Real-Variable Methods in Harmonic Analysis
Title | Real-Variable Methods in Harmonic Analysis PDF eBook |
Author | Alberto Torchinsky |
Publisher | Elsevier |
Pages | 475 |
Release | 2016-06-03 |
Genre | Mathematics |
ISBN | 1483268888 |
Real-Variable Methods in Harmonic Analysis deals with the unity of several areas in harmonic analysis, with emphasis on real-variable methods. Active areas of research in this field are discussed, from the Calderón-Zygmund theory of singular integral operators to the Muckenhoupt theory of Ap weights and the Burkholder-Gundy theory of good ? inequalities. The Calderón theory of commutators is also considered. Comprised of 17 chapters, this volume begins with an introduction to the pointwise convergence of Fourier series of functions, followed by an analysis of Cesàro summability. The discussion then turns to norm convergence; the basic working principles of harmonic analysis, centered around the Calderón-Zygmund decomposition of locally integrable functions; and fractional integration. Subsequent chapters deal with harmonic and subharmonic functions; oscillation of functions; the Muckenhoupt theory of Ap weights; and elliptic equations in divergence form.
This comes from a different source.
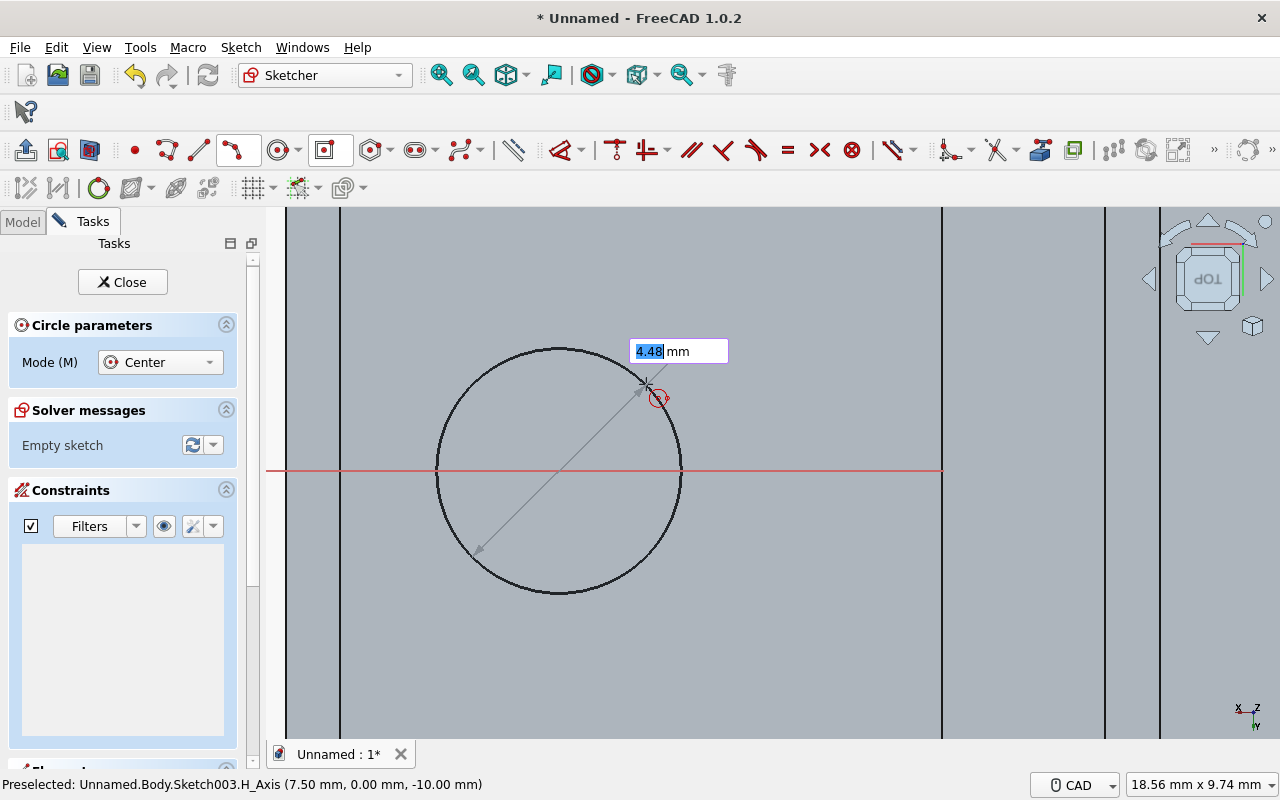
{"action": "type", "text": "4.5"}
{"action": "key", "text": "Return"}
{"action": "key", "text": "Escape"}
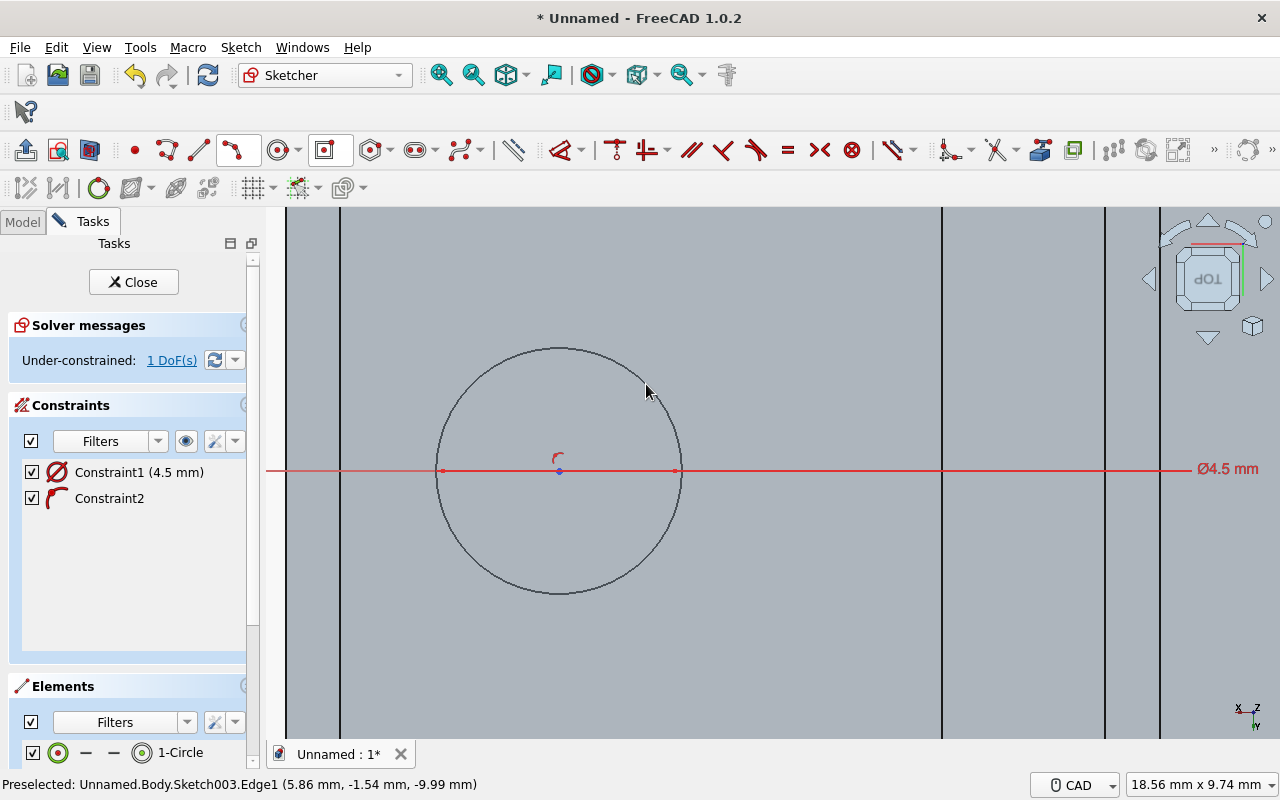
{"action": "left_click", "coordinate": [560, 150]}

The book also explores the essentials of the Calderón-Zygmund theory of singular integral operators; the good ? inequalities of Burkholder-Gundy; the Fefferman-Stein theory of Hardy spaces of several real variables; Carleson measures; and Cauchy integrals on Lipschitz curves. The final chapter presents the solution to the Dirichlet and Neumann problems on C1-domains by means of the layer potential methods. This monograph is intended for graduate students with varied backgrounds and interests, ranging from operator theory to partial differential equations.
Complex Analysis and Special Topics in Harmonic Analysis
Title | Complex Analysis and Special Topics in Harmonic Analysis PDF eBook |
Author | Carlos A. Berenstein |
Publisher | Springer Science & Business Media |
Pages | 491 |
Release | 2012-12-06 |
Genre | Mathematics |
ISBN | 1461384451 |
A companion volume to the text "Complex Variables: An Introduction" by the same authors, this book further develops the theory, continuing to emphasize the role that the Cauchy-Riemann equation plays in modern complex analysis. Topics considered include: Boundary values of holomorphic functions in the sense of distributions; interpolation problems and ideal theory in algebras of entire functions with growth conditions; exponential polynomials; the G transform and the unifying role it plays in complex analysis and transcendental number theory; summation methods; and the theorem of L. Schwarz concerning the solutions of a homogeneous convolution equation on the real line and its applications in harmonic function theory.